*** Block opens ***

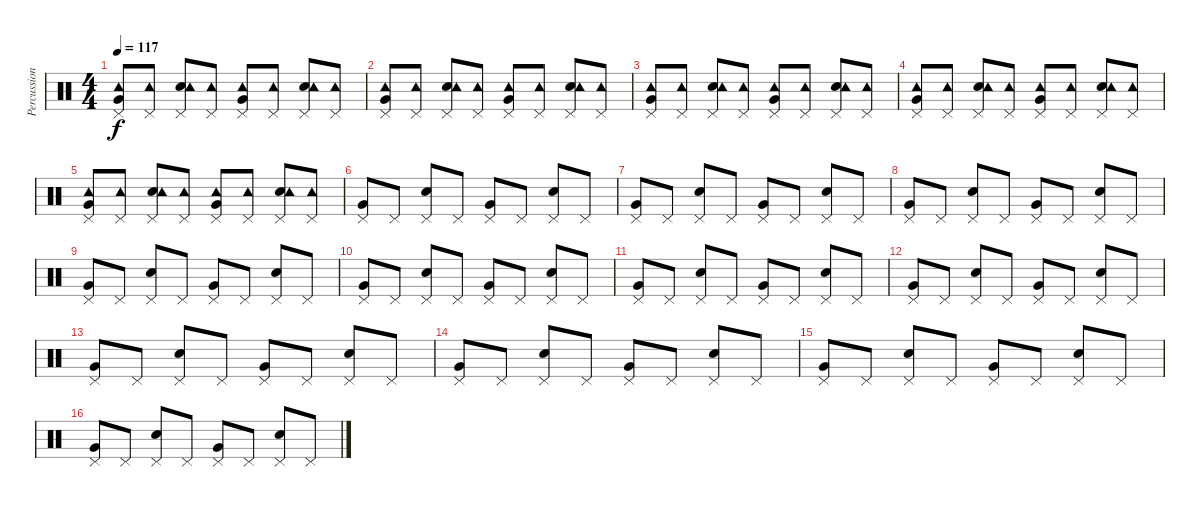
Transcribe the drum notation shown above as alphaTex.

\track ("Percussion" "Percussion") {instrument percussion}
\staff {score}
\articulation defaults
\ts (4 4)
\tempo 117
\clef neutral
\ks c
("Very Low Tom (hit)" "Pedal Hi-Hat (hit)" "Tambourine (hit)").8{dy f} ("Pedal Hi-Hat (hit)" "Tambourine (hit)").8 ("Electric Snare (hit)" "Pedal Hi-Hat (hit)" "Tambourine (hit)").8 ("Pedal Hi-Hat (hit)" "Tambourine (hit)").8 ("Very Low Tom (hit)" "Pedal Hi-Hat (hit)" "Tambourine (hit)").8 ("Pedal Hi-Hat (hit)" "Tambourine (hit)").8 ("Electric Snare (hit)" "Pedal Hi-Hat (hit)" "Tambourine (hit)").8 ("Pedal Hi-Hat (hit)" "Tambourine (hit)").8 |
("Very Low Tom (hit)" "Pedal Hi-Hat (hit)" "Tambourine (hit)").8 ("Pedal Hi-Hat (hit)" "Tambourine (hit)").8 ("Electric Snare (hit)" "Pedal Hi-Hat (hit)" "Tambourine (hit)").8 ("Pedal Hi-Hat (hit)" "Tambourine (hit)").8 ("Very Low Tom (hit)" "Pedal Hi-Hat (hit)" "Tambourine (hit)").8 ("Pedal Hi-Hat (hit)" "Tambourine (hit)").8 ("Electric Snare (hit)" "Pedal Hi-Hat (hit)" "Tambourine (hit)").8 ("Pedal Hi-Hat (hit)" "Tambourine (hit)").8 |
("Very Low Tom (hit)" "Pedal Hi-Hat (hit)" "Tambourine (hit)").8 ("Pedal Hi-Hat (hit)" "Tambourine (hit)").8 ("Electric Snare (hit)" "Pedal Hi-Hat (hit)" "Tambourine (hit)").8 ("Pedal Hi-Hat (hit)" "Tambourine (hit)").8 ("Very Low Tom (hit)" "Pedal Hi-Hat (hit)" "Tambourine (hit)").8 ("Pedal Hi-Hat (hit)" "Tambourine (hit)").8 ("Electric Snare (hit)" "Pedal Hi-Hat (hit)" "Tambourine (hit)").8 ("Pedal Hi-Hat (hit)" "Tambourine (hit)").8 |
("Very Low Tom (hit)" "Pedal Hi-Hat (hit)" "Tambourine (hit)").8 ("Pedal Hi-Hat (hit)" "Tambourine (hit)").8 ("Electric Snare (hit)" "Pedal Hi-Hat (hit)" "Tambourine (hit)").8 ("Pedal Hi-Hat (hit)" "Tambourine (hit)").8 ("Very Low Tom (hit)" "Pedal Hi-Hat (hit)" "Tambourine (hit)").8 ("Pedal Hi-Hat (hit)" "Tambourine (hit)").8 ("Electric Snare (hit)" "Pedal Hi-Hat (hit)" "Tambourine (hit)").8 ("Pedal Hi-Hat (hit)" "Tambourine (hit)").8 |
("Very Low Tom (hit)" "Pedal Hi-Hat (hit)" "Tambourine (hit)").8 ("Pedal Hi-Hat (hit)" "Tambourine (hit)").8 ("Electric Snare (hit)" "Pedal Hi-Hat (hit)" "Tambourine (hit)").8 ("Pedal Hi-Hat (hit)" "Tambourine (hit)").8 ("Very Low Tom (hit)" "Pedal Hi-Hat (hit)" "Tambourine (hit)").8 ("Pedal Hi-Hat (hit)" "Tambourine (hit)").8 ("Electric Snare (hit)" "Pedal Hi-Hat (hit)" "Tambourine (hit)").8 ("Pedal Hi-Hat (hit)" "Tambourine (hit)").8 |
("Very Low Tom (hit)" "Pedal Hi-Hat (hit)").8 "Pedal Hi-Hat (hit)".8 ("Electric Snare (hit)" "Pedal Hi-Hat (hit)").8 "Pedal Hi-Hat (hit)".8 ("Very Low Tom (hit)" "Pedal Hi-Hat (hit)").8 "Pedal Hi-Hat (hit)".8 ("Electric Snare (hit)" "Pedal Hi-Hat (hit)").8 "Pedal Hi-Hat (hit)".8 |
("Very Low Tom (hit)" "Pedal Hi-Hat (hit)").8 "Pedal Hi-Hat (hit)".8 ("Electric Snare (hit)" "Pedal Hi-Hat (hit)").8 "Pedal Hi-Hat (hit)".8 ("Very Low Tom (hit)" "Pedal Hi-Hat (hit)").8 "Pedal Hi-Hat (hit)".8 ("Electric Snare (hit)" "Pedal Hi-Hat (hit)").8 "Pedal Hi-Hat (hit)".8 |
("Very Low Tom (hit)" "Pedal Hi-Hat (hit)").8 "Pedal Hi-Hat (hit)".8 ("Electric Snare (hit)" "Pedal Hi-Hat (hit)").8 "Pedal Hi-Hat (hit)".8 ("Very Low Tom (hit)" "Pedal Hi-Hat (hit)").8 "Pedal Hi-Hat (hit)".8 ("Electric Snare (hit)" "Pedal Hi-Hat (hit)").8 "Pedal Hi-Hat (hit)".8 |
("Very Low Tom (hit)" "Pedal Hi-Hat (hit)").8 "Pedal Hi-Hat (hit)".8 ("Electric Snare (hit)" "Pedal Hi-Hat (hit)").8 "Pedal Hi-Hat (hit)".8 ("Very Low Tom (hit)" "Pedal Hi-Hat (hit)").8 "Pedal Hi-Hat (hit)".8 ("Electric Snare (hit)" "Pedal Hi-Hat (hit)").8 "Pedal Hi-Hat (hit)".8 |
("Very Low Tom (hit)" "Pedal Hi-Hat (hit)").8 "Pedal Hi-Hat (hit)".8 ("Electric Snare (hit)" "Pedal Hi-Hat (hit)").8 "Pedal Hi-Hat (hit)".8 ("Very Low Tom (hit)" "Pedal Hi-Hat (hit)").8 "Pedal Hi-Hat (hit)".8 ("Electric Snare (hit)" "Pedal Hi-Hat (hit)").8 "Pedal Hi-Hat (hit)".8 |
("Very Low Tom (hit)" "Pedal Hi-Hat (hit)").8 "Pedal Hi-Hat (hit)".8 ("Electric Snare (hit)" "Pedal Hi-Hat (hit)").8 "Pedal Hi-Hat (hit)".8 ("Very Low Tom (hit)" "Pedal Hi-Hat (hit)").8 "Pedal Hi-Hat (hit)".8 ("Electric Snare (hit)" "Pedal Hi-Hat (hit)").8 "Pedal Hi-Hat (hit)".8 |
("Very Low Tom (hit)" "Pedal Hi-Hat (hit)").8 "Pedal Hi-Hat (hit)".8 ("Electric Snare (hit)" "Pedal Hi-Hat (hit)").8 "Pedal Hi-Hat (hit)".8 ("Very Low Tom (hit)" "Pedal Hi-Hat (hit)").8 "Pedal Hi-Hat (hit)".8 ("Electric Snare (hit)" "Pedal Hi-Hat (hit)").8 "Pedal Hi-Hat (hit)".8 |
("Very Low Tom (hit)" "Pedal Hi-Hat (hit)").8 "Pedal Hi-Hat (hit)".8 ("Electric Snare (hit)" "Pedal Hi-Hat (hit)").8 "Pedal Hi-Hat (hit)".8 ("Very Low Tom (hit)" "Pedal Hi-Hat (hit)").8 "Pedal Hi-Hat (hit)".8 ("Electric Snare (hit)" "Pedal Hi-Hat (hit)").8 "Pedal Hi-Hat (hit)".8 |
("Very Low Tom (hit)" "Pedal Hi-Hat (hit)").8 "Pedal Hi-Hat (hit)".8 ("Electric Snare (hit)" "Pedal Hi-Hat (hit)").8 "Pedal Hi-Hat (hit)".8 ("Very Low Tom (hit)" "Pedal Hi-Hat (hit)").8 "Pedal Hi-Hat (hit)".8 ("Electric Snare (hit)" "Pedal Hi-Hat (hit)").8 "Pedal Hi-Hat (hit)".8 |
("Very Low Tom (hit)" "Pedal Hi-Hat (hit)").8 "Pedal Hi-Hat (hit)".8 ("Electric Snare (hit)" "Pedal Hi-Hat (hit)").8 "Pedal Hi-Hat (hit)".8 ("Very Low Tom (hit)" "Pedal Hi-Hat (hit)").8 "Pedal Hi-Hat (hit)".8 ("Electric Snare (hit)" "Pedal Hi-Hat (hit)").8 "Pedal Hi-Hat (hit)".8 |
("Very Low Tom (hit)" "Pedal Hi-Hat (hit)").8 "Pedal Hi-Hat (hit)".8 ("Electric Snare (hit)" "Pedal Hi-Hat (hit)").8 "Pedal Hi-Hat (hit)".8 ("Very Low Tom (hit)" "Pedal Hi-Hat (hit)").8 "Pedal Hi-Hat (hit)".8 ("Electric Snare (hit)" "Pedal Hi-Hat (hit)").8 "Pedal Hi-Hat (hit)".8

*** Block closes ***
*** Block opens ***

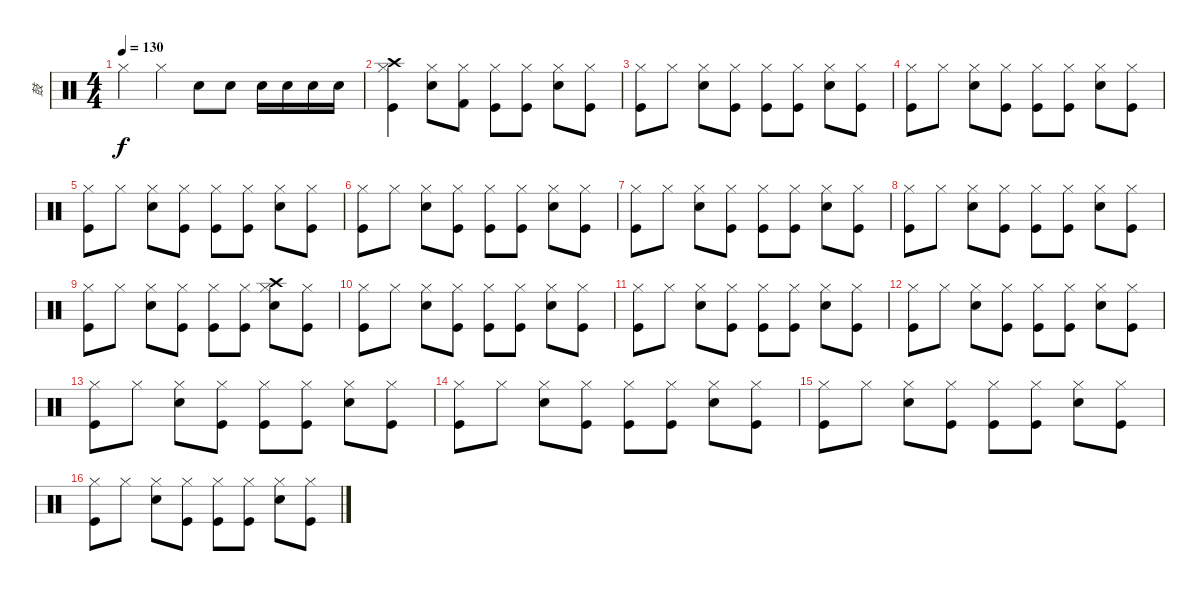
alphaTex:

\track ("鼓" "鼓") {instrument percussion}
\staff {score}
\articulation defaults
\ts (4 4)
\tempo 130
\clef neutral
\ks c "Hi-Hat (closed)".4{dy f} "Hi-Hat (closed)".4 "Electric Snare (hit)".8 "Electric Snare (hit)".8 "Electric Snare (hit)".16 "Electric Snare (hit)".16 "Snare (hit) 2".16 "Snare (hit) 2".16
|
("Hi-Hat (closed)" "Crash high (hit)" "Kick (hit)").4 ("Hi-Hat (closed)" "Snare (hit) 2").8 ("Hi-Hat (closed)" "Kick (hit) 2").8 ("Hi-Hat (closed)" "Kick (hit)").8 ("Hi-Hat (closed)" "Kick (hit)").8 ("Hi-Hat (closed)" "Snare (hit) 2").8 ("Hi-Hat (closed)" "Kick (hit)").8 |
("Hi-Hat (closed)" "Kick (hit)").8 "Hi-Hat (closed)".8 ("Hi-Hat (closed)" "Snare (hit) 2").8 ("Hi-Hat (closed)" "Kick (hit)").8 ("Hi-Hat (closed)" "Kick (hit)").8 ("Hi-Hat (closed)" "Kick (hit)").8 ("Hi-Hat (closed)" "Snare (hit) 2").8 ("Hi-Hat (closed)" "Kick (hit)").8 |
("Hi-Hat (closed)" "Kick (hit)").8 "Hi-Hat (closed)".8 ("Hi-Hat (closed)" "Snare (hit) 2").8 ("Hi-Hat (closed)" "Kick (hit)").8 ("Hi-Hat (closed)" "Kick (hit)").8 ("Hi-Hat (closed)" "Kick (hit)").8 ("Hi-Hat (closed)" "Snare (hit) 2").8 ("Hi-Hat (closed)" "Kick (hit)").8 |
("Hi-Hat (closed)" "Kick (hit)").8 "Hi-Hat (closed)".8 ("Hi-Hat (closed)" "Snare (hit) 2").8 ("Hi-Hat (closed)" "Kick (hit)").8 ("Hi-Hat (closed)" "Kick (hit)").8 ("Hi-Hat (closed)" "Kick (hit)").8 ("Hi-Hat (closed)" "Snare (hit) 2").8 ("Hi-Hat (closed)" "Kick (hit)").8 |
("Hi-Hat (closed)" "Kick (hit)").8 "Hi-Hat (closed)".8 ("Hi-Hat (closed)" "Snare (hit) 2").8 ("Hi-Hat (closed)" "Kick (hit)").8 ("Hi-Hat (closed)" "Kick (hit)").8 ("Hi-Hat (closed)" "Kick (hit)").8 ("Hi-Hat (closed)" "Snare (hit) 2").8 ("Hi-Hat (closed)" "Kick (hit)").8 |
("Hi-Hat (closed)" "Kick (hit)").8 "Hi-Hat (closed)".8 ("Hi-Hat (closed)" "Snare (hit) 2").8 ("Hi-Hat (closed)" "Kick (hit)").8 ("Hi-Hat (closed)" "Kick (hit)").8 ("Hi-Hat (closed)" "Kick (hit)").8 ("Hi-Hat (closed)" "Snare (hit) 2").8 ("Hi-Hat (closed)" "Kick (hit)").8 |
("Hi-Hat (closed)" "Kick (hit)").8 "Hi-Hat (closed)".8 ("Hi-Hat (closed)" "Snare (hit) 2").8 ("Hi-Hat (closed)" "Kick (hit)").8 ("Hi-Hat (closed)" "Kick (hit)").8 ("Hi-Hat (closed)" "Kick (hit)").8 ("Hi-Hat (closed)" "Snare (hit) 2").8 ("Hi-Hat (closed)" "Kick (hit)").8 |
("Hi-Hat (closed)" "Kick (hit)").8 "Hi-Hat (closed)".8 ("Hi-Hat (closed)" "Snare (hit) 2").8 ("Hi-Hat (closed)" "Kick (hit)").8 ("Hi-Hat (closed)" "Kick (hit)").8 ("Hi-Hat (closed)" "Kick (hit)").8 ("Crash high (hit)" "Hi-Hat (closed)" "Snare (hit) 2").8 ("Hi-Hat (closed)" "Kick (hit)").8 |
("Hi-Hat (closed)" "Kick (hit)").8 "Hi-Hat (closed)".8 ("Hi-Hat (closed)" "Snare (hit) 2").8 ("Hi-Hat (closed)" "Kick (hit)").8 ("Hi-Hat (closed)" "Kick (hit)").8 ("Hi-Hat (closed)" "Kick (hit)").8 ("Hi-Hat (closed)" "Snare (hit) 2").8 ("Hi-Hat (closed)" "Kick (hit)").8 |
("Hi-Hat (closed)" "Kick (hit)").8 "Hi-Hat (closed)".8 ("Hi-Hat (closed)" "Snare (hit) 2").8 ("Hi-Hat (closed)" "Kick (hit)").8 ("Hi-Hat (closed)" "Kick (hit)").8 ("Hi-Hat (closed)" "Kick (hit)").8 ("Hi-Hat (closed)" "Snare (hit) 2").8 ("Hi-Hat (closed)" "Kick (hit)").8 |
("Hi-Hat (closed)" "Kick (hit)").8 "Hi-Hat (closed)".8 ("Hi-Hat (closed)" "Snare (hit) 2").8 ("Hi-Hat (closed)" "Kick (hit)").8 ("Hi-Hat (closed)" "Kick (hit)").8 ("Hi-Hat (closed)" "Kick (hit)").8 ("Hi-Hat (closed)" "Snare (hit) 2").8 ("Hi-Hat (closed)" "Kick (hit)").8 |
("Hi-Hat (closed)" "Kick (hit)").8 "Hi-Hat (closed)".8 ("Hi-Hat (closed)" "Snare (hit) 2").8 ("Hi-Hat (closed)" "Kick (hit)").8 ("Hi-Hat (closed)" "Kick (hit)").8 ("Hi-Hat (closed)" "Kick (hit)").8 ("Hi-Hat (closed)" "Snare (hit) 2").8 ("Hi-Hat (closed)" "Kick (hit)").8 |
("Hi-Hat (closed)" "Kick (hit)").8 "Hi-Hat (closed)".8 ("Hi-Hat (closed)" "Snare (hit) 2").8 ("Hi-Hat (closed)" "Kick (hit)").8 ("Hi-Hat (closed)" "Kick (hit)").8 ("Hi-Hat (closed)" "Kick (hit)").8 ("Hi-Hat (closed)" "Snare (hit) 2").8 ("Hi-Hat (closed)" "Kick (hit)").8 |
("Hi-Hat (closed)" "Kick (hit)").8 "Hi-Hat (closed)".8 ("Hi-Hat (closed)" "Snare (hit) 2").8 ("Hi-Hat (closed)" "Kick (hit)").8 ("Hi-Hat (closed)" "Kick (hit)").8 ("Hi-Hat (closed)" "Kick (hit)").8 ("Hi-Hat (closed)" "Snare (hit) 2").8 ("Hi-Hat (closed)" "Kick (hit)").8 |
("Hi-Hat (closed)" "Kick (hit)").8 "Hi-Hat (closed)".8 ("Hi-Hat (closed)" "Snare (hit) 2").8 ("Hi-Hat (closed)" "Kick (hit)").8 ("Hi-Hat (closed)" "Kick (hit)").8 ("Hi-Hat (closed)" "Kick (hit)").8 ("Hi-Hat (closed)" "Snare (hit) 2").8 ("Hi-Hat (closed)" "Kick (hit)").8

*** Block closes ***

**Exercise aim:**
Within the lines above, find those holding the word "Crash" and copy them.

**Response:**
("Hi-Hat (closed)" "Crash high (hit)" "Kick (hit)").4 ("Hi-Hat (closed)" "Snare (hit) 2").8 ("Hi-Hat (closed)" "Kick (hit) 2").8 ("Hi-Hat (closed)" "Kick (hit)").8 ("Hi-Hat (closed)" "Kick (hit)").8 ("Hi-Hat (closed)" "Snare (hit) 2").8 ("Hi-Hat (closed)" "Kick (hit)").8 |
("Hi-Hat (closed)" "Kick (hit)").8 "Hi-Hat (closed)".8 ("Hi-Hat (closed)" "Snare (hit) 2").8 ("Hi-Hat (closed)" "Kick (hit)").8 ("Hi-Hat (closed)" "Kick (hit)").8 ("Hi-Hat (closed)" "Kick (hit)").8 ("Crash high (hit)" "Hi-Hat (closed)" "Snare (hit) 2").8 ("Hi-Hat (closed)" "Kick (hit)").8 |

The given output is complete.